A sovereign, reversible location-addressing protocol — the character-based sibling of dot-words. Turn any coordinate into a short string of Unicode characters, alphanumerics, or emoji, and back again. No central authority, no API, no licensing. Apache-2.0.

Where dot-words speaks BIP39 words ("dash.gloom.ripple.trap.drip"), dot-chars uses smaller atoms — single characters — for the same job:

unicode  28.6139, 77.2090, 216  ->  󙁈𨚽윯           (3 chars)
alnum    28.6139, 77.2090, 216  ->  EVWZdjXa        (8 chars)
emoji    28.6139, 77.2090, 216  ->  🝷🐬🄩🎮          (4 emoji)

…all of which decode back to the cell centre near (28.6139, 77.2090, 216).
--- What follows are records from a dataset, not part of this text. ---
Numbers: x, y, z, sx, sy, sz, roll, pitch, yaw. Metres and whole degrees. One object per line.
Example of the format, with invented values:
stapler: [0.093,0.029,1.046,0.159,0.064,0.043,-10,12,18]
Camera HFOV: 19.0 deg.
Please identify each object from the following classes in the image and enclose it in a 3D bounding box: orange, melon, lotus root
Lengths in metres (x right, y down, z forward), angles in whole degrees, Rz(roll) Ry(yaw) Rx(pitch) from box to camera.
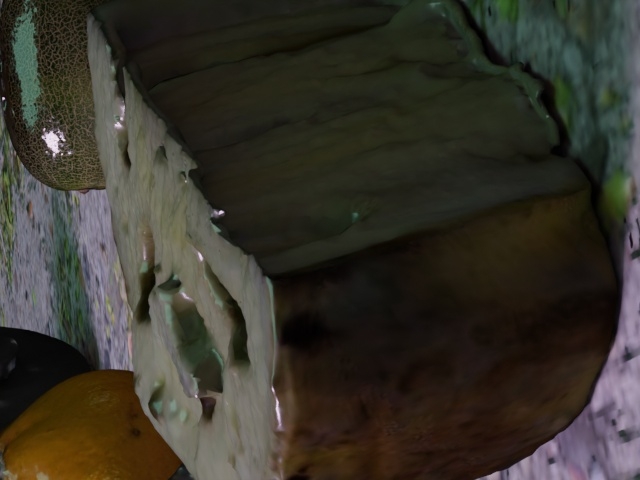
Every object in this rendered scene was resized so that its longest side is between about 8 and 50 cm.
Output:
orange: [-0.131,0.154,1.130,0.156,0.134,0.156,-174,90,-68]
melon: [-0.150,-0.109,1.170,0.099,0.099,0.162,-153,58,-72]
lotus root: [0.000,0.000,0.617,0.235,0.119,0.138,-120,29,-54]

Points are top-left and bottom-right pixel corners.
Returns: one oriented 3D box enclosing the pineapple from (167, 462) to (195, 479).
pineapple: [-0.005,0.120,0.722,0.111,0.119,0.237,29,-133,-52]

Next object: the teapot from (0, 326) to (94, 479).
teapot: [-0.301,0.227,1.584,0.270,0.200,0.337,18,118,25]
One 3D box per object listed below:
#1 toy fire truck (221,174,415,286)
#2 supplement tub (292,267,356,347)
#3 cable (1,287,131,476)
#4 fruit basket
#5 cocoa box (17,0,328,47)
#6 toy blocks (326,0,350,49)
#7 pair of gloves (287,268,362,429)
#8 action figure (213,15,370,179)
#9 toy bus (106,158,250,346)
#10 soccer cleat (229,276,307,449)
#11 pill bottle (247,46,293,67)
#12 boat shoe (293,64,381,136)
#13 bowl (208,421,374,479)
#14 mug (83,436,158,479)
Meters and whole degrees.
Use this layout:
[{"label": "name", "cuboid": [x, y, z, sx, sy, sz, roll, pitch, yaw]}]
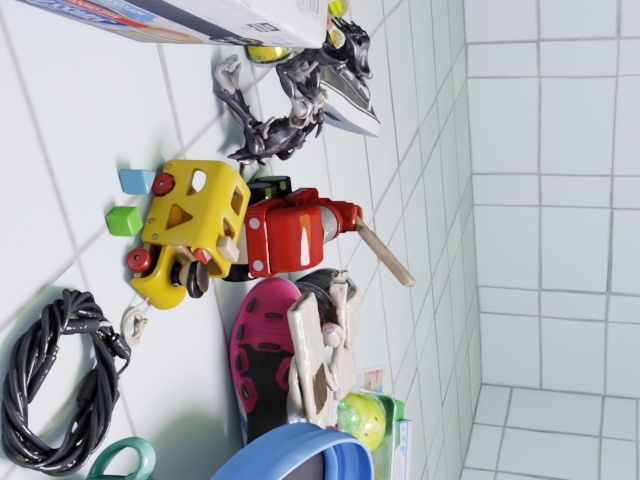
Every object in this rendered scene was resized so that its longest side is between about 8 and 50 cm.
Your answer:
[{"label": "toy fire truck", "cuboid": [0.000, 0.000, 1.202, 0.217, 0.246, 0.158, -35, 124, -67]}, {"label": "supplement tub", "cuboid": [-0.014, 0.116, 1.380, 0.190, 0.117, 0.117, -23, 114, -69]}, {"label": "cable", "cuboid": [-0.244, 0.136, 0.823, 0.184, 0.047, 0.150, -63, 149, -49]}, {"label": "fruit basket", "cuboid": [0.044, 0.396, 1.517, 0.353, 0.165, 0.327, 9, 84, -68]}, {"label": "cocoa box", "cuboid": [-0.149, -0.315, 0.761, 0.347, 0.228, 0.231, -7, 101, -71]}, {"label": "toy blocks", "cuboid": [0.000, -0.408, 1.451, 0.148, 0.054, 0.123, 52, 45, -62]}, {"label": "pair of gloves", "cuboid": [0.016, 0.158, 1.238, 0.240, 0.042, 0.204, -31, 121, -66]}, {"label": "action figure", "cuboid": [-0.051, -0.200, 1.168, 0.164, 0.276, 0.141, -17, 71, -45]}, {"label": "toy bus", "cuboid": [-0.148, 0.003, 0.996, 0.191, 0.104, 0.202, -42, 131, -64]}, {"label": "soccer cleat", "cuboid": [-0.074, 0.214, 1.267, 0.143, 0.116, 0.331, -98, -171, -85]}, {"label": "pill bottle", "cuboid": [-0.080, -0.311, 1.214, 0.065, 0.065, 0.116, -65, 150, -49]}, {"label": "boat shoe", "cuboid": [0.038, -0.260, 1.491, 0.306, 0.113, 0.104, 19, 88, -61]}, {"label": "bowl", "cuboid": [-0.078, 0.406, 1.079, 0.391, 0.077, 0.391, -37, 141, -37]}, {"label": "mug", "cuboid": [-0.210, 0.292, 0.862, 0.129, 0.097, 0.157, 70, 28, -47]}]
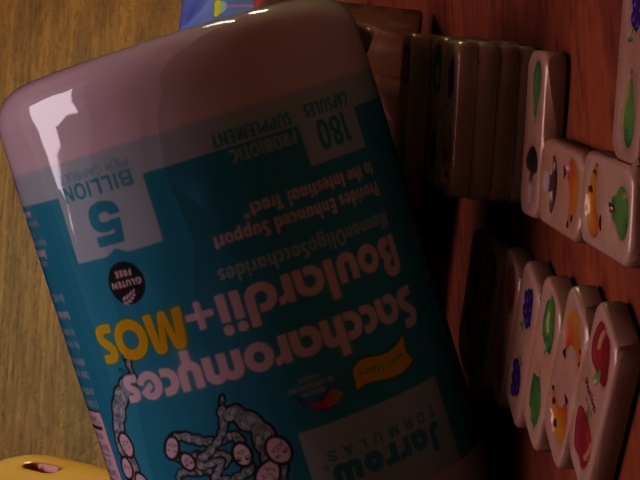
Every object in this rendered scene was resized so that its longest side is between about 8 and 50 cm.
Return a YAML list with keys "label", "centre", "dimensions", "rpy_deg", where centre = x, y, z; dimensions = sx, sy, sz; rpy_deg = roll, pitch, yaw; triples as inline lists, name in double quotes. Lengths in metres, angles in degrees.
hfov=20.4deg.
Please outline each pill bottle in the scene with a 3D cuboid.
- label: "pill bottle"
  centre: [-0.020, 0.048, 0.697]
  dimensions: [0.146, 0.146, 0.264]
  rpy_deg: [-150, 42, -83]

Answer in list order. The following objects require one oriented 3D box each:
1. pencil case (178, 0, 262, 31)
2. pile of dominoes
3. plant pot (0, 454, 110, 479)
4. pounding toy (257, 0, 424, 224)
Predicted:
- label: "pencil case"
  centre: [-0.066, -0.152, 1.446]
  dimensions: [0.133, 0.119, 0.306]
  rpy_deg: [-41, 38, 39]
- label: "pile of dominoes"
  centre: [0.063, -0.029, 0.611]
  dimensions: [0.251, 0.040, 0.196]
  rpy_deg: [-125, 38, -81]
- label: "plant pot"
  centre: [-0.185, 0.292, 1.338]
  dimensions: [0.203, 0.291, 0.291]
  rpy_deg: [24, 117, 42]
- label: "pounding toy"
  centre: [-0.002, 0.009, 0.846]
  dimensions: [0.181, 0.094, 0.206]
  rpy_deg: [-72, -12, -67]
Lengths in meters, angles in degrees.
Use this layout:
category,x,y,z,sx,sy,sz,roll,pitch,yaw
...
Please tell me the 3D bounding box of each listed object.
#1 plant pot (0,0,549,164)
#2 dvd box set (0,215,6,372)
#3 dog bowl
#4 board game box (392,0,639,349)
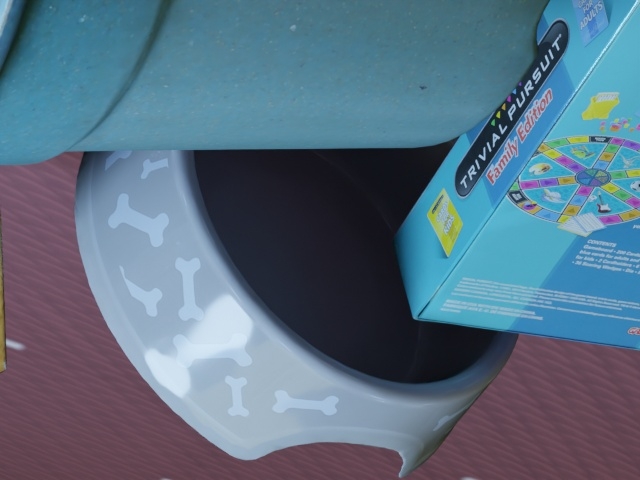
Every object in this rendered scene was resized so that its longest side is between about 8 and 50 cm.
category,x,y,z,sx,sy,sz,roll,pitch,yaw
plant pot,-0.067,-0.186,1.013,0.334,0.341,0.341,4,160,-33
dvd box set,-0.297,-0.093,1.302,0.062,0.307,0.420,-23,166,-16
dog bowl,0.000,0.000,1.379,0.349,0.348,0.102,24,136,-26
board game box,0.236,-0.066,1.269,0.254,0.079,0.336,9,134,-26

Relationship to dot-words (shared core)

dot-chars and dot-words are the same pipelinequantise -> scramble -> encode — with only the last step swapped:

Step dot-words dot-chars Shared?
1. Quantise (lat,lon,alt) -> grid index geo._quant / _alloc identical ✅ same design
2. Scramble (locality-break) perm(x) = (x·M + C) mod 2^bits identical M, C ✅ same constants
3. Encode integer -> atoms base-2048 BIP39 words base-V characters ⛔ the only difference

Why the scramble is shared. The locality-breaking bijection's only load-bearing property is the oddness of M (odd ⇒ coprime to 2^bits ⇒ bijective, with the closed-form inverse in iperm). It is a standard reversible integer hash and is independent of the vocabulary. So dot-chars carries over the identical M = 0x9E3779B97F4A7C15, C = 0xD1B54A32D192ED03 unchanged. The geo quantiser and axis ranges (LAT/LON/ALT_MIN/MAX, the 9/55 altitude fraction) are likewise mirrored from dot-words verbatim.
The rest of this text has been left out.